Sitting in a circle, listening, and sharing has been my weekly anker for the last 13 years and I’m still amazed by this way of support in ACA. Through literature, I’ve learnt about reparenting my inner children. The biggest breakthrough in connecting with my inner family came whilst working ‘The Loving Parent Guidebook’ in a group of fellow travellers. Forever grateful for this treasure trove of collected wisdom. By the hands-on guiding of the workbook, I finally got to know and distinguish my inner family members, their behaviours and needs.

I have a practice of meditating in silence for about 30 minutes as often as I can. At some point I started to consciously talk to my inner younger versions. I said that I would like to connect with them and checking how they are doing. It felt strange in the beginning – but I continued.

Out of a sudden a picture arose in front of my inner eye. I saw the circle of my ACA group – but instead of fellow travellers my inner children were gathering. All kind of ages – from toddler to 5-year-old, to teenager and young adults. It was mind-blowing and heart-warming to see them all at once.

From this day on I integrated this new experience in my meditation. First, I use to ground myself in the here and now. I connect to my higher power and inner loving parent and the last 5-10 minutes I talk to my younger versions and invite them as followed:

Hey, my little and big heroes! I am so happy to see you all. And that you made it through all these difficulties. I am so proud of you! I would like to spend a moment with you if you want that too. I would like to listen to you, what you feel, want to express, or remind of, what you need and longing for. Here is a safe space where you can express everything.

Sometimes I invite them to hold hands and we say ACA: s Unity Prayer: “I put my hand in yours and together we can do what we could never do alone … we are all together now …”

After some deep breaths, I invite the one who want to express anything, to come and sit in the middle. Then we all wait actively.

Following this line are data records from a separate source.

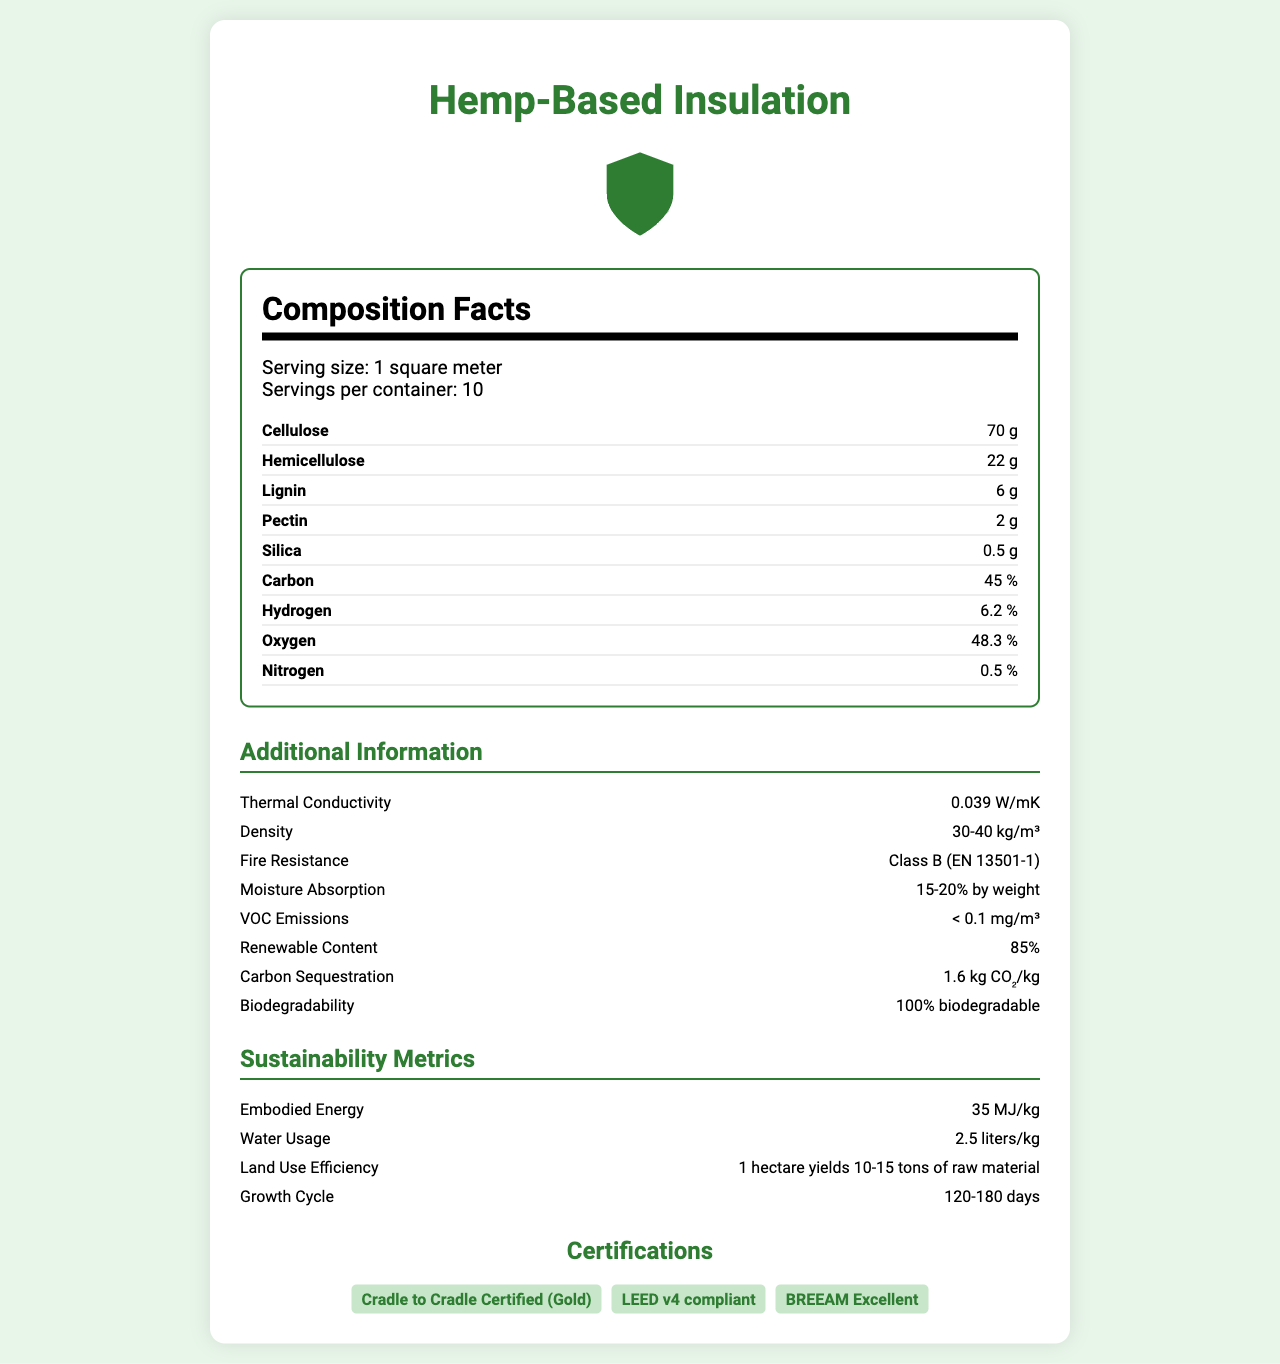what is the serving size of the hemp-based insulation? The document states that the serving size is 1 square meter.
Answer: 1 square meter how much cellulose is there in one serving of the product? The document lists cellulose as one of the nutrients and mentions its amount as 70 grams per serving.
Answer: 70 grams what is the thermal conductivity of this hemp-based insulation? The Additional Information section specifies that the product has a thermal conductivity of 0.039 W/mK.
Answer: 0.039 W/mK which certification(s) does the product have? The Certifications section lists these three certifications.
Answer: Cradle to Cradle Certified (Gold), LEED v4 compliant, BREEAM Excellent is the product biodegradable? The Additional Information clearly states that the product is 100% biodegradable.
Answer: Yes what is the renewable content of the product? The Additional Information section mentions the renewable content as 85%.
Answer: 85% how long is the growth cycle for the raw material used in this product? The Sustainability Metrics section lists the growth cycle as 120-180 days.
Answer: 120-180 days what is the moisture absorption capacity of the insulation? The Additional Information section specifies moisture absorption as 15-20% by weight.
Answer: 15-20% by weight how much carbon sequestration does the product achieve per kilogram? The Additional Information section states that the product achieves 1.6 kg CO₂/kg for carbon sequestration.
Answer: 1.6 kg CO₂/kg what is the density range of the hemp-based insulation? The Additional Information section provides the density range as 30-40 kg/m³.
Answer: 30-40 kg/m³ what percentage of the insulation material is made up of carbon? The nutrients list shows carbon at 45%.
Answer: 45% what is the fire resistance class of the product according to EN 13501-1? A. Class A B. Class B C. Class C D. Class D The Additional Information section states the fire resistance class as Class B based on EN 13501-1.
Answer: B how much embodied energy does the hemp-based insulation use? A. 25 MJ/kg B. 30 MJ/kg C. 35 MJ/kg D. 40 MJ/kg The Sustainability Metrics section states that the embodied energy is 35 MJ/kg.
Answer: C is the nutrient composition of the insulation material provided on a percentage basis? Only carbon, hydrogen, oxygen, and nitrogen are provided as percentages; other nutrients like cellulose, hemicellulose, lignin, and pectin are provided in grams.
Answer: No summarize the main idea of the document. This summary captures the nutritional and additional technical properties, along with sustainability metrics and certifications, of the hemp-based insulation.
Answer: The document provides detailed information on the nutrient composition, additional properties, sustainability metrics, and certifications of a hemp-based insulation product. It includes key data such as serving size, the amount of various nutrients, thermal conductivity, density, fire resistance, moisture absorption, VOC emissions, renewable content, carbon sequestration, and biodegradability. The document also covers embodied energy, water usage, land use efficiency, and growth cycle of the raw material. what is the water usage for the production of the hemp-based insulation? The Sustainability Metrics section lists water usage as 2.5 liters/kg.
Answer: 2.5 liters/kg does the document mention the cost per serving of the hemp-based insulation? The document does not provide any information regarding the cost per serving of the insulation.
Answer: Not enough information 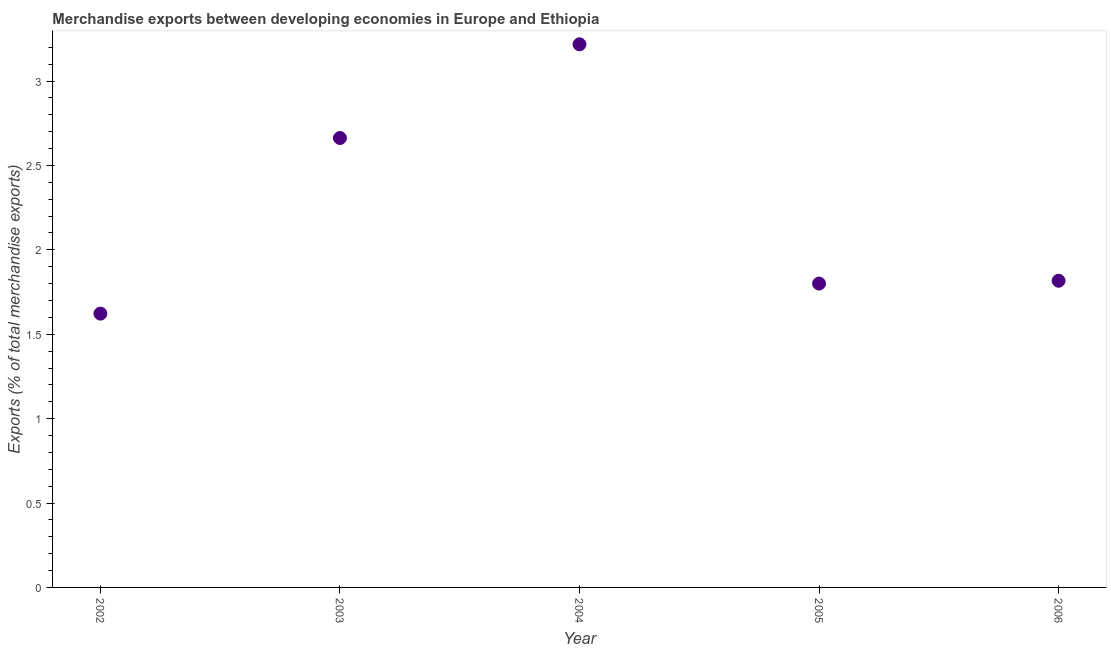What is the merchandise exports in 2004?
Keep it short and to the point. 3.22. Across all years, what is the maximum merchandise exports?
Your response must be concise. 3.22. Across all years, what is the minimum merchandise exports?
Your response must be concise. 1.62. In which year was the merchandise exports maximum?
Your answer should be very brief. 2004. What is the sum of the merchandise exports?
Your response must be concise. 11.12. What is the difference between the merchandise exports in 2003 and 2006?
Your answer should be very brief. 0.85. What is the average merchandise exports per year?
Offer a terse response. 2.22. What is the median merchandise exports?
Ensure brevity in your answer.  1.82. In how many years, is the merchandise exports greater than 0.7 %?
Provide a succinct answer. 5. What is the ratio of the merchandise exports in 2005 to that in 2006?
Keep it short and to the point. 0.99. Is the merchandise exports in 2004 less than that in 2005?
Your response must be concise. No. Is the difference between the merchandise exports in 2002 and 2006 greater than the difference between any two years?
Offer a very short reply. No. What is the difference between the highest and the second highest merchandise exports?
Offer a very short reply. 0.56. What is the difference between the highest and the lowest merchandise exports?
Ensure brevity in your answer.  1.6. Does the merchandise exports monotonically increase over the years?
Make the answer very short. No. Are the values on the major ticks of Y-axis written in scientific E-notation?
Your response must be concise. No. Does the graph contain any zero values?
Keep it short and to the point. No. Does the graph contain grids?
Your answer should be compact. No. What is the title of the graph?
Ensure brevity in your answer.  Merchandise exports between developing economies in Europe and Ethiopia. What is the label or title of the Y-axis?
Offer a terse response. Exports (% of total merchandise exports). What is the Exports (% of total merchandise exports) in 2002?
Your response must be concise. 1.62. What is the Exports (% of total merchandise exports) in 2003?
Keep it short and to the point. 2.66. What is the Exports (% of total merchandise exports) in 2004?
Give a very brief answer. 3.22. What is the Exports (% of total merchandise exports) in 2005?
Ensure brevity in your answer.  1.8. What is the Exports (% of total merchandise exports) in 2006?
Offer a terse response. 1.82. What is the difference between the Exports (% of total merchandise exports) in 2002 and 2003?
Ensure brevity in your answer.  -1.04. What is the difference between the Exports (% of total merchandise exports) in 2002 and 2004?
Your answer should be compact. -1.6. What is the difference between the Exports (% of total merchandise exports) in 2002 and 2005?
Ensure brevity in your answer.  -0.18. What is the difference between the Exports (% of total merchandise exports) in 2002 and 2006?
Offer a very short reply. -0.19. What is the difference between the Exports (% of total merchandise exports) in 2003 and 2004?
Give a very brief answer. -0.56. What is the difference between the Exports (% of total merchandise exports) in 2003 and 2005?
Ensure brevity in your answer.  0.86. What is the difference between the Exports (% of total merchandise exports) in 2003 and 2006?
Make the answer very short. 0.85. What is the difference between the Exports (% of total merchandise exports) in 2004 and 2005?
Your answer should be compact. 1.42. What is the difference between the Exports (% of total merchandise exports) in 2004 and 2006?
Offer a terse response. 1.4. What is the difference between the Exports (% of total merchandise exports) in 2005 and 2006?
Your response must be concise. -0.02. What is the ratio of the Exports (% of total merchandise exports) in 2002 to that in 2003?
Your answer should be compact. 0.61. What is the ratio of the Exports (% of total merchandise exports) in 2002 to that in 2004?
Keep it short and to the point. 0.5. What is the ratio of the Exports (% of total merchandise exports) in 2002 to that in 2005?
Offer a terse response. 0.9. What is the ratio of the Exports (% of total merchandise exports) in 2002 to that in 2006?
Your answer should be very brief. 0.89. What is the ratio of the Exports (% of total merchandise exports) in 2003 to that in 2004?
Give a very brief answer. 0.83. What is the ratio of the Exports (% of total merchandise exports) in 2003 to that in 2005?
Offer a very short reply. 1.48. What is the ratio of the Exports (% of total merchandise exports) in 2003 to that in 2006?
Provide a short and direct response. 1.47. What is the ratio of the Exports (% of total merchandise exports) in 2004 to that in 2005?
Your response must be concise. 1.79. What is the ratio of the Exports (% of total merchandise exports) in 2004 to that in 2006?
Make the answer very short. 1.77. What is the ratio of the Exports (% of total merchandise exports) in 2005 to that in 2006?
Offer a very short reply. 0.99. 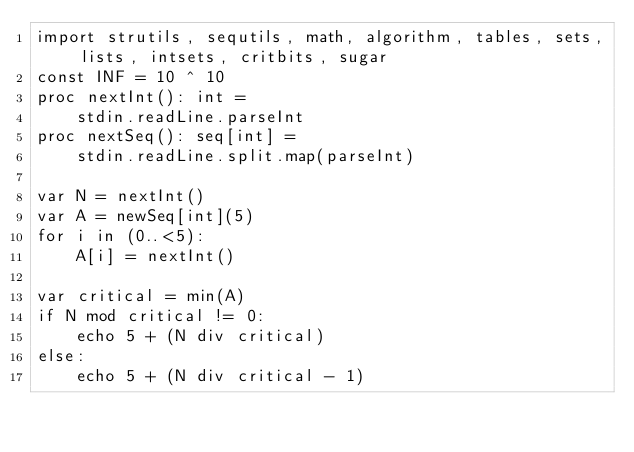Convert code to text. <code><loc_0><loc_0><loc_500><loc_500><_Nim_>import strutils, sequtils, math, algorithm, tables, sets, lists, intsets, critbits, sugar
const INF = 10 ^ 10
proc nextInt(): int =
    stdin.readLine.parseInt
proc nextSeq(): seq[int] =
    stdin.readLine.split.map(parseInt)

var N = nextInt()
var A = newSeq[int](5)
for i in (0..<5):
    A[i] = nextInt()

var critical = min(A)
if N mod critical != 0:
    echo 5 + (N div critical)
else:
    echo 5 + (N div critical - 1)</code> 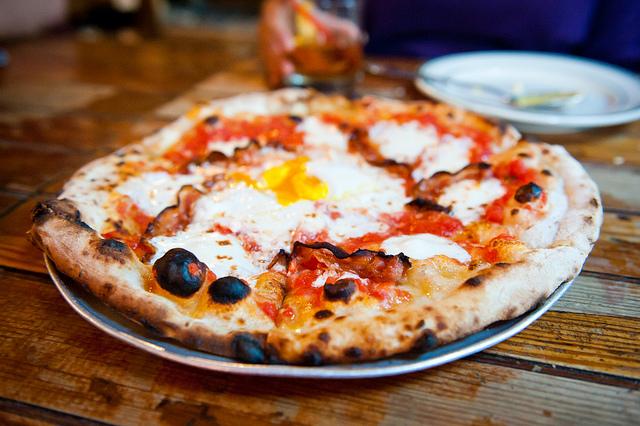What are the black things?
Keep it brief. Olives. Is it a New York style pizza?
Short answer required. Yes. What color is the napkin?
Answer briefly. White. Has any of the pizza been eaten?
Answer briefly. No. What is on the pizza?
Short answer required. Cheese. What kind of food is in the picture?
Quick response, please. Pizza. 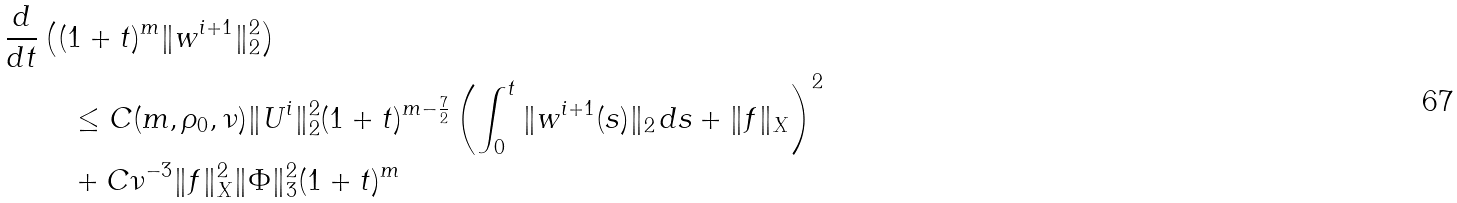Convert formula to latex. <formula><loc_0><loc_0><loc_500><loc_500>\frac { d } { d t } & \left ( ( 1 + t ) ^ { m } \| w ^ { i + 1 } \| _ { 2 } ^ { 2 } \right ) \\ & \quad \leq C ( m , \rho _ { 0 } , \nu ) \| U ^ { i } \| ^ { 2 } _ { 2 } ( 1 + t ) ^ { m - \frac { 7 } { 2 } } \left ( \int _ { 0 } ^ { t } \| w ^ { i + 1 } ( s ) \| _ { 2 } \, d s + \| f \| _ { X } \right ) ^ { 2 } \\ & \quad + C \nu ^ { - 3 } \| f \| _ { X } ^ { 2 } \| \Phi \| _ { 3 } ^ { 2 } ( 1 + t ) ^ { m }</formula> 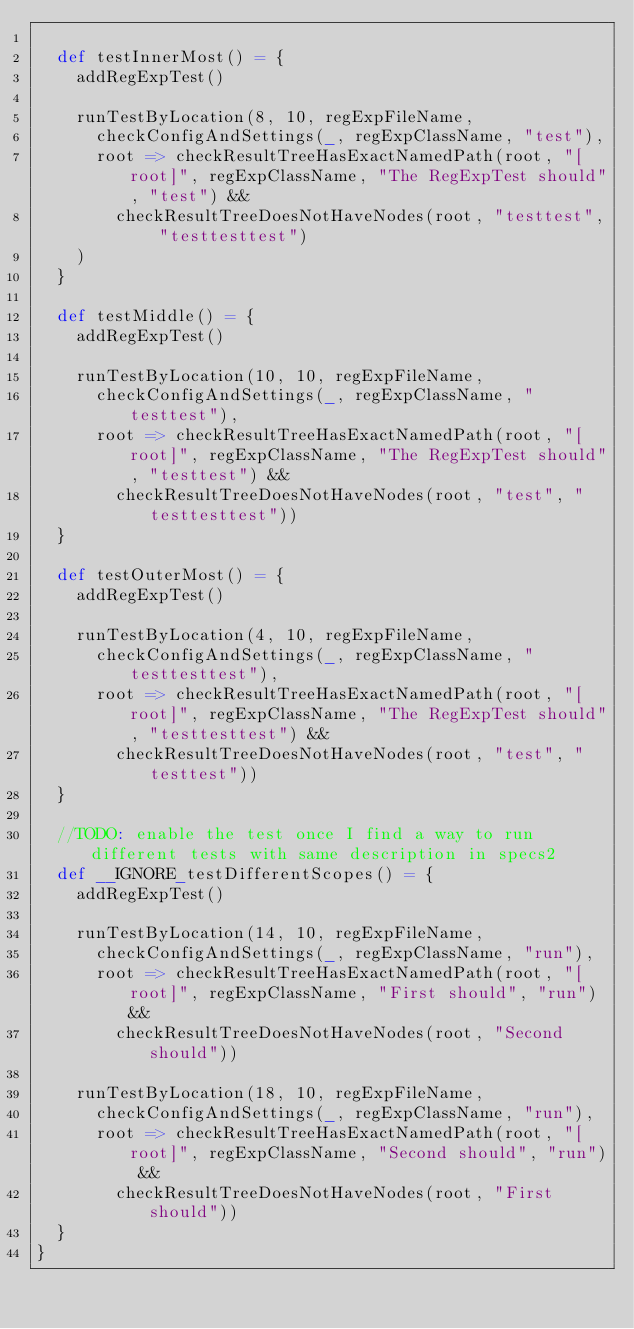Convert code to text. <code><loc_0><loc_0><loc_500><loc_500><_Scala_>
  def testInnerMost() = {
    addRegExpTest()

    runTestByLocation(8, 10, regExpFileName,
      checkConfigAndSettings(_, regExpClassName, "test"),
      root => checkResultTreeHasExactNamedPath(root, "[root]", regExpClassName, "The RegExpTest should", "test") &&
        checkResultTreeDoesNotHaveNodes(root, "testtest", "testtesttest")
    )
  }

  def testMiddle() = {
    addRegExpTest()

    runTestByLocation(10, 10, regExpFileName,
      checkConfigAndSettings(_, regExpClassName, "testtest"),
      root => checkResultTreeHasExactNamedPath(root, "[root]", regExpClassName, "The RegExpTest should", "testtest") &&
        checkResultTreeDoesNotHaveNodes(root, "test", "testtesttest"))
  }

  def testOuterMost() = {
    addRegExpTest()

    runTestByLocation(4, 10, regExpFileName,
      checkConfigAndSettings(_, regExpClassName, "testtesttest"),
      root => checkResultTreeHasExactNamedPath(root, "[root]", regExpClassName, "The RegExpTest should", "testtesttest") &&
        checkResultTreeDoesNotHaveNodes(root, "test", "testtest"))
  }

  //TODO: enable the test once I find a way to run different tests with same description in specs2
  def __IGNORE_testDifferentScopes() = {
    addRegExpTest()

    runTestByLocation(14, 10, regExpFileName,
      checkConfigAndSettings(_, regExpClassName, "run"),
      root => checkResultTreeHasExactNamedPath(root, "[root]", regExpClassName, "First should", "run") &&
        checkResultTreeDoesNotHaveNodes(root, "Second should"))

    runTestByLocation(18, 10, regExpFileName,
      checkConfigAndSettings(_, regExpClassName, "run"),
      root => checkResultTreeHasExactNamedPath(root, "[root]", regExpClassName, "Second should", "run") &&
        checkResultTreeDoesNotHaveNodes(root, "First should"))
  }
}
</code>

In the beginning nothing happened – no one came forward. And as I learnt through “The Loving Parent Guidebook” – that’s totally ok! These kids are traumatised and were abandoned and made it through horrific situations – all by themselves! Off course they are not used to trust anyone!

I waited with my heart full of compassion and understanding. I showed up meditation for meditation.

And one day they all came running to me and the inner circle. We finally bonded! It gives me tears of joy whilst writing this down.

I ask them and guide them through their stories and feelings: How are you? What happens? What do you need? Let me hold you if you want!

I started to be the loving parent I didn’t experience as child.

Then I thank them for joining the circle and leave them to play or whatever they were about to do.

This amazing experience continued to develop. One evening I was so tired and not in the best mood whilst meditating. I wasn’t sure if I should invite my inner family because I felt like not being a good listener. But I did it and just told them as it was; “Look, I want to connect with you, but am tired right now. I will do my best! Who wants to be in the middle?”

They all looked and smiled at me and said: “YOU should be in the middle today!” And they came and hugged me. My heart melted.

Another time I was worrying and anxious and asked myself about the meaning of life. Out of a sudden I saw not just my earlier versions in the circle but even an older man –  I got confused because I never had read about this concept in the literature about inner family. He looked at me, came forward, gave me a long hug, and whispered in my ear: “All is fine! You are doing good! I have your back!” – It felt like I met my own loving parent. The father which I never experienced being there for me.

Finally, one day during the meditation I saw my latest version lying on his dead bed – calm, peaceful and with a beautiful smile looking at me and saying: “All will be fine! Don’t be afraid! What a journey!”

I hope my sharing will inspire you to connect to your inner family, to trust and heal!